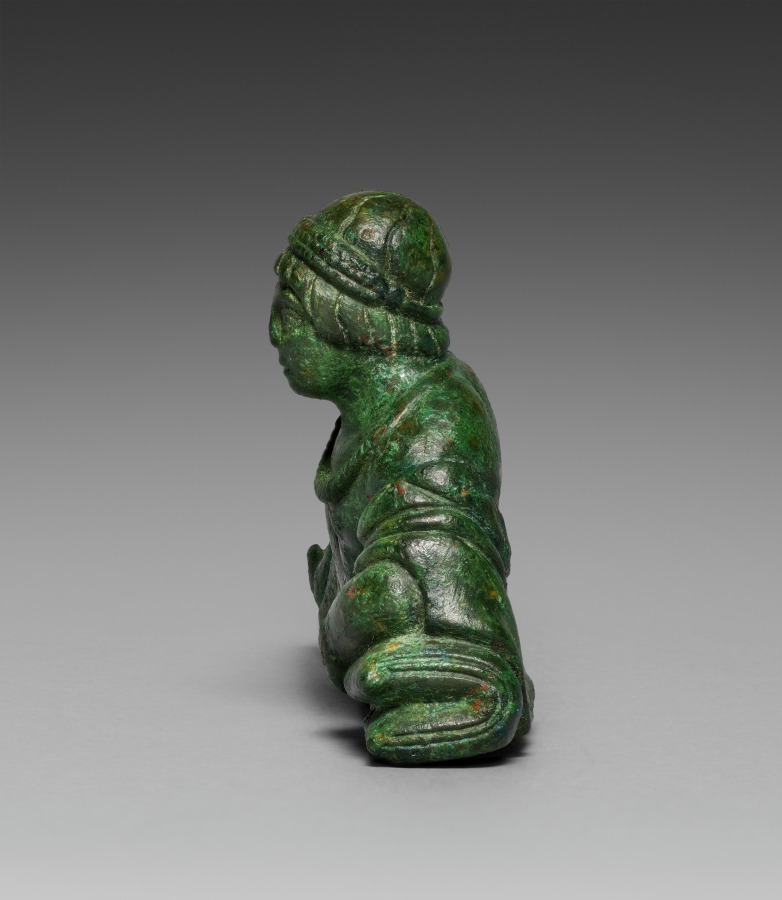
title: Vessel Ornament of Banqueter Holding an Omphalos
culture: Etruscan
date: probably 400–375 BCE
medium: bronze
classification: Sculpture
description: This bronze banqueter figurine was one of six once adorning the rim of a large basin, now lost. Cast in molds with individualized details, most have grooves on their underside to attach to the basin. Minute traces of gilding remain on areas of clothing and skin (mostly visible only under magnification), suggesting that they may have been completely gilded. Two handles in the form of hippocampi, horses with serpentine tails, also belonged to the basin and are now displayed at the Michael C. Carlos Museum at Emory University. The basin may have been used to hold liquid for a banquet, or was perhaps funerary. This bronze figurine holds a phiale mesomphalos, a shallow wine bowl, in his right hand. The vessel is tilted upward as if to spill its contents, perhaps as a libation for the gods. Traces of gilding remain in the corners of the phiale mesomphalos and the figurine’s drapery. His left hand rests against a fold of cloth slipping over his shoulder. A garland lies on his bare chest and another crowns his head. The banqueter shares many similarities with 1987.158.
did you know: Though primarily associated with dedicatory libations, the phiale mesomphalos could also be used for drinking.
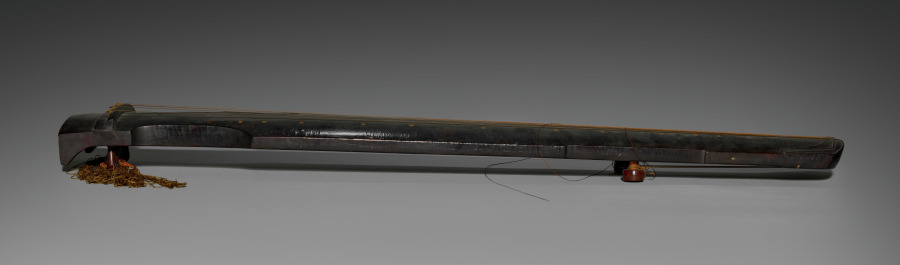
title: Guqin made by Zhang Ruixiu of Suzhou
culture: China, Ming dynasty (1368–1644)
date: 1584
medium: Seven-string Asian long zither, chordophone, made from wood, lacquer, mother of pearl, and silk strings
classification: Musical Instrument
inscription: 為海虞天池先生重斲/ 萬曆甲申古吳張睿脩得古桐
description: China’s most prestigious instrument, the guqin can be traced to the Chu culture almost 2500 years ago. By the late Ming dynasty, Jiangnan was a center of high-end guqin production. Coated in black lacquer, this elegantly crafted instrument is inscribed on the inside, stating it was made by Zhang Ruixiu of Suzhou for Mr. Tianchi of Haiyu, also known as Yan Cheng (1547–1625). Yan was a key figure in guqin music history and founder of the Yushan school in Suzhou. Zhang Ruixiu was a guqin maker, known for achieving a supreme tone quality. Ten instruments attributed to him are known, of which this guqin has the earliest date.
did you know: The 13 studs in mother-of-pearl inlay indicate finger positions for sounding harmonics.
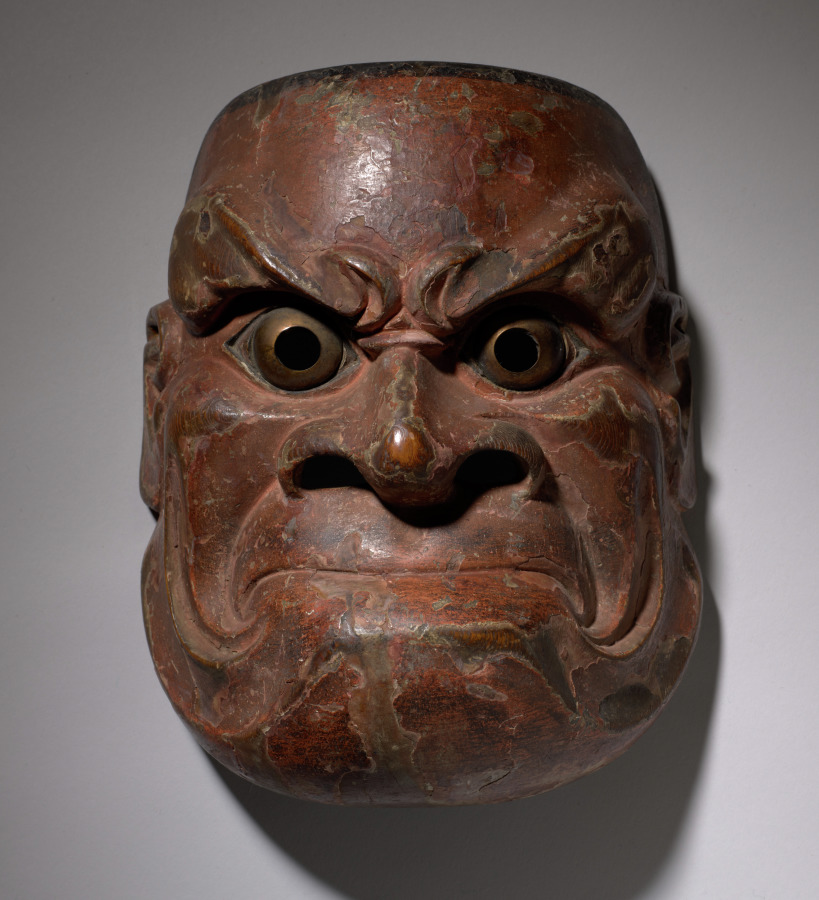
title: Noh Mask: Ko-beshimi
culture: Japan, Muromachi period (1392–1573)
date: 1392–1573
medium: wood
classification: Sculpture
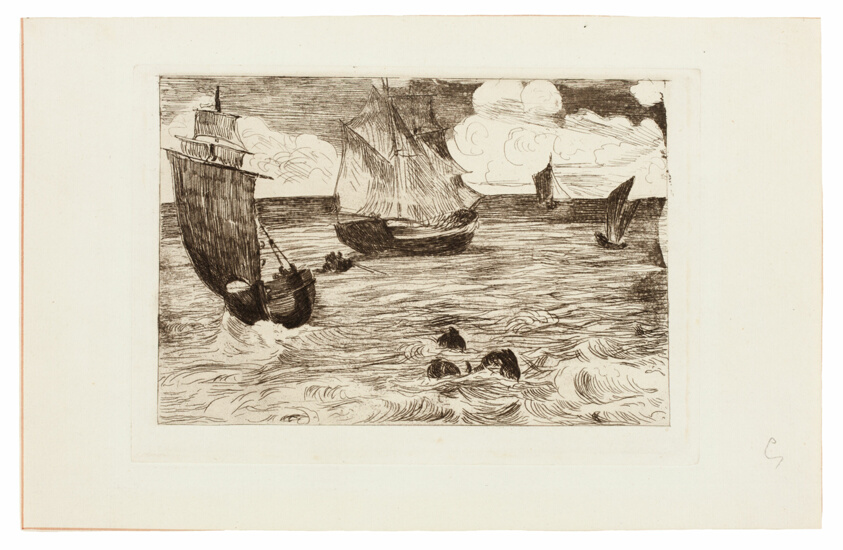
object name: Print
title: Marine
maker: Édouard Manet (French, 1832-1883)
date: 1865–66
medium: Etching, aquatint and roulette in brown on ivory laid paper
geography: France
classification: etching; print; prints and drawing
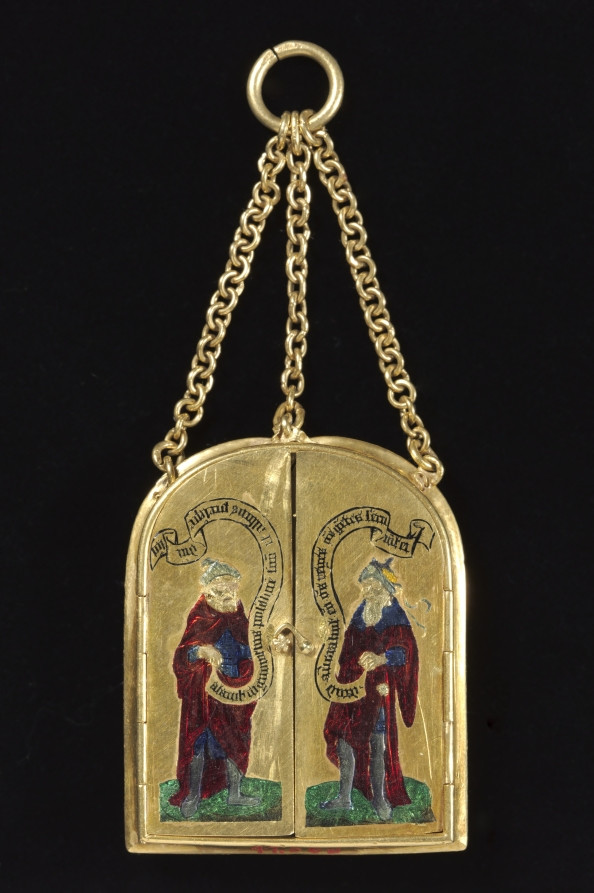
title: Pendant Triptych with an Onyx Cameo of the Nativity
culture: Pendant: France, Paris or Tours; Cameo: Italy, 13th-15th century
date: c. 1460–1500; cameo: c. 1250–1300
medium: basse-taille enamel on gold; onyx cameo
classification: Enamel
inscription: on the outside shutters, the two Prophets hold scrolls with inscriptions on them.
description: This pendant consists of colorful translucent enamel over an incised gold ground, a technique known as basse-taille, which simulates stained glass. For its owner this pendant was both for private devotion and a deluxe accessory. Made to be worn around the neck or suspended on a bed curtain, the pendant is shaped as a miniature triptych (three-panel painting) with wings or shutters that could be opened and closed. The outer surfaces are decorated with two prophets. The remaining images include various scenes from the life of Christ. Small objects played a key role in private piety. Within this domain of personal spirituality, images were used to venerate and invoke Christ and his saints, as well as to meditate on the most important mysteries of faith or events from the story of salvation. Pious men and women began outfitting rooms in their homes where "one can pray well." Small portable deluxe objects such as ivories, enamel plaques, and jeweled pendants were critical ingredients in this experience of faith.
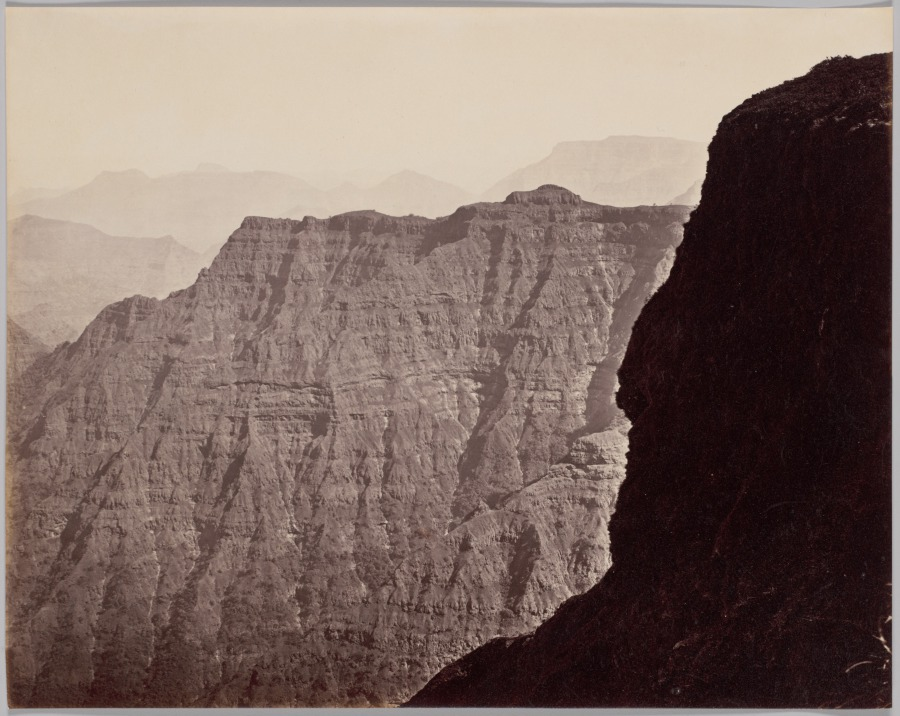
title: View of Hills near Mahabaleshwar
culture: England
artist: Colin Murray (British, 1840–1884)
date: early 1870s
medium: albumen print
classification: Photograph
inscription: Written in pencil on verso: “2441”
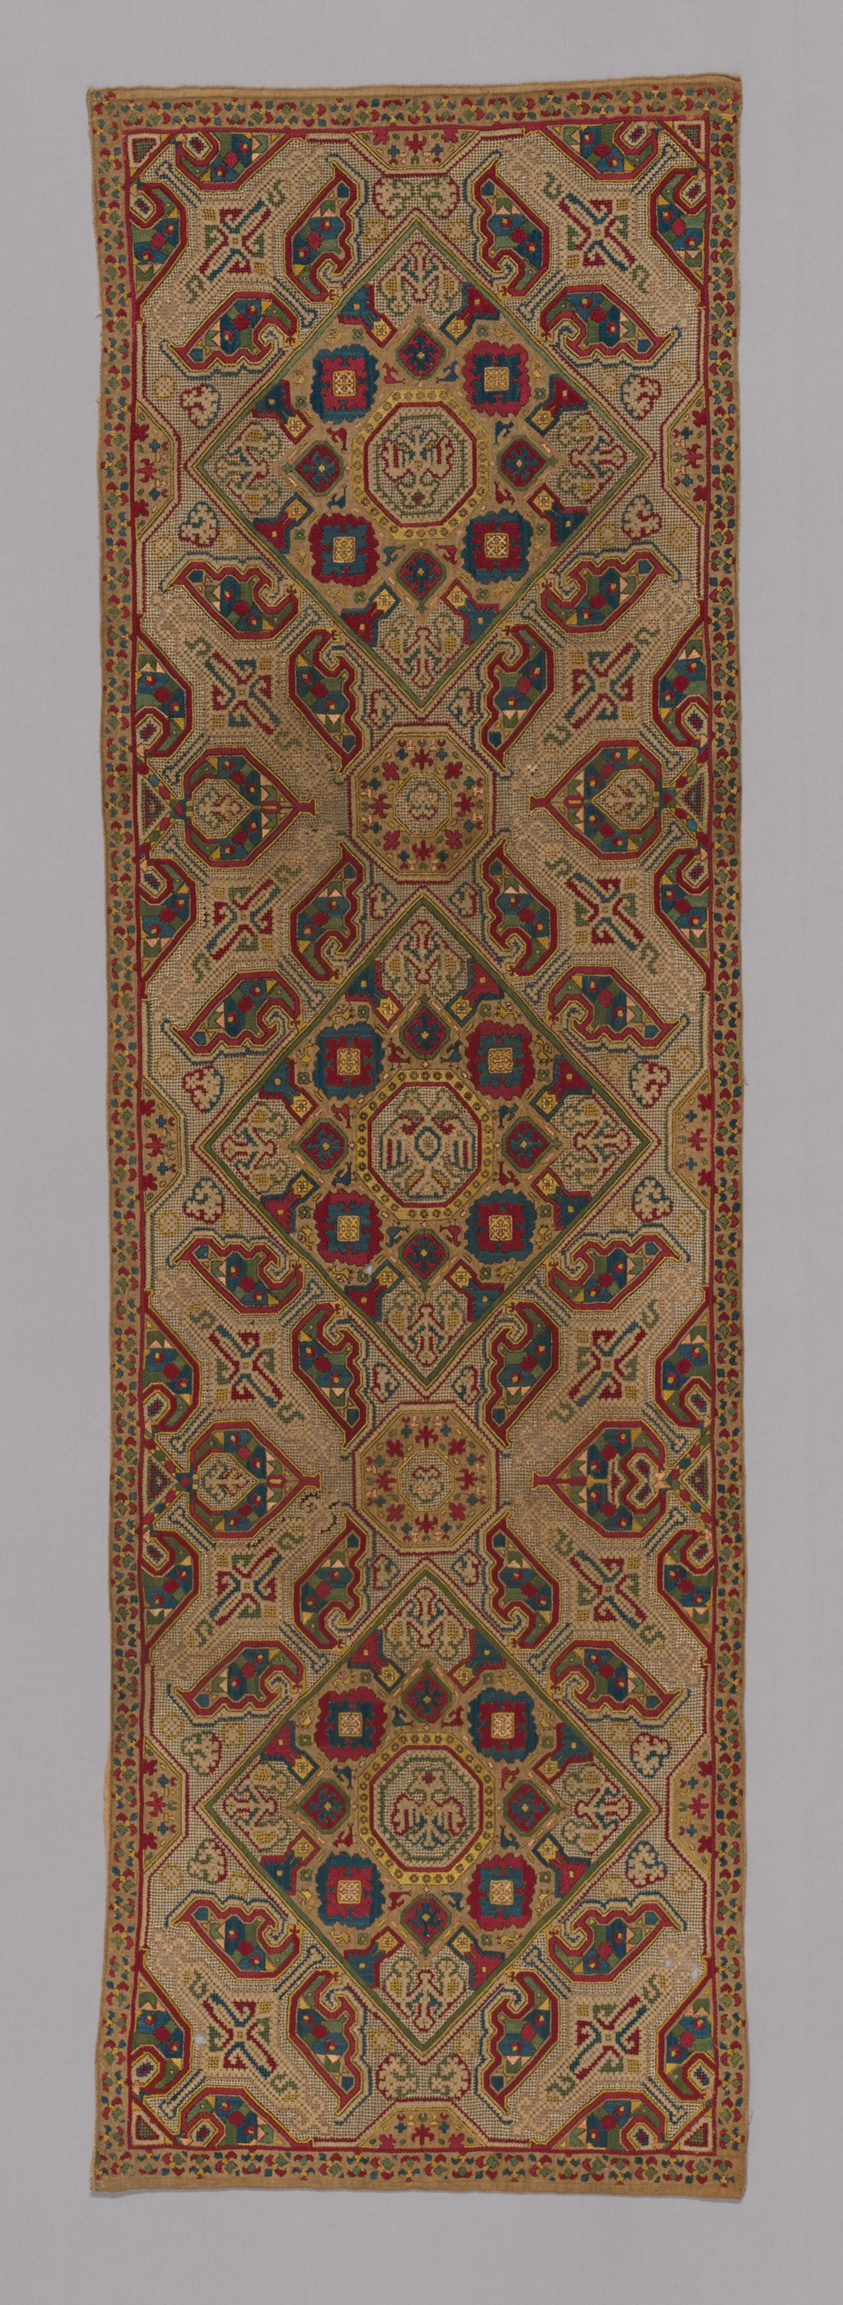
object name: Textile
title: Panel (Bolster Cover)
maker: Greece, Ionian Islands, Leukas
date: 1700/1900
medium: Linen, plain weave; cut and drawn work embroidered with silk in darning and overcast stitches; embroidered in double running, split, and stem stitches
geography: Greece
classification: textile; needlework (visual works)
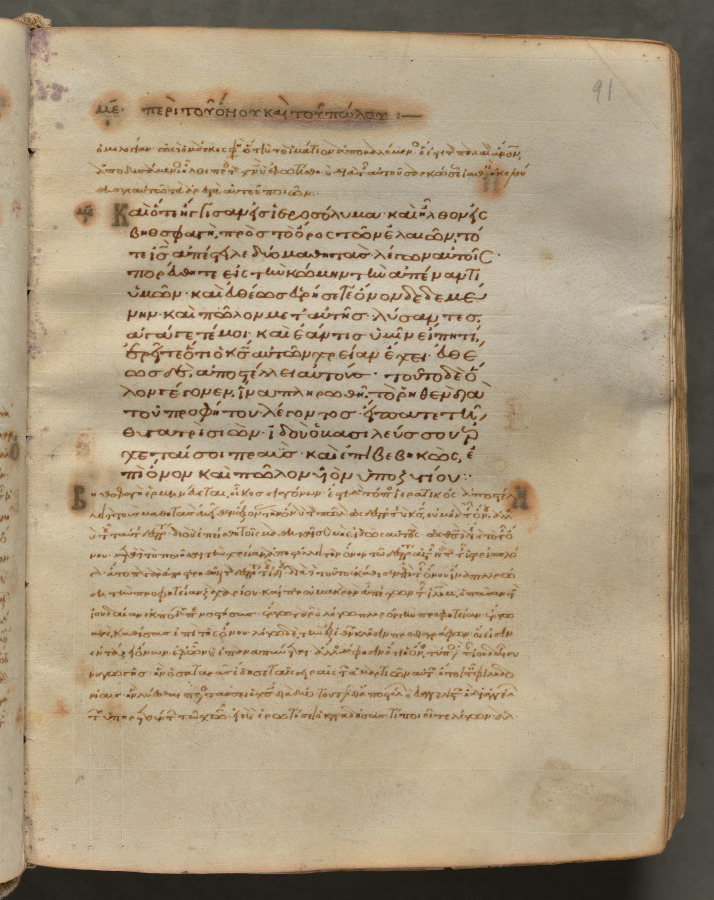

- - -

Which lines above carry the string "title"? Copy those lines.

§ Written response
title: Vessel Ornament of Banqueter Holding an Omphalos
title: Guqin made by Zhang Ruixiu of Suzhou
title: Noh Mask: Ko-beshimi
title: Marine
title: Pendant Triptych with an Onyx Cameo of the Nativity
title: View of Hills near Mahabaleshwar
title: Panel (Bolster Cover)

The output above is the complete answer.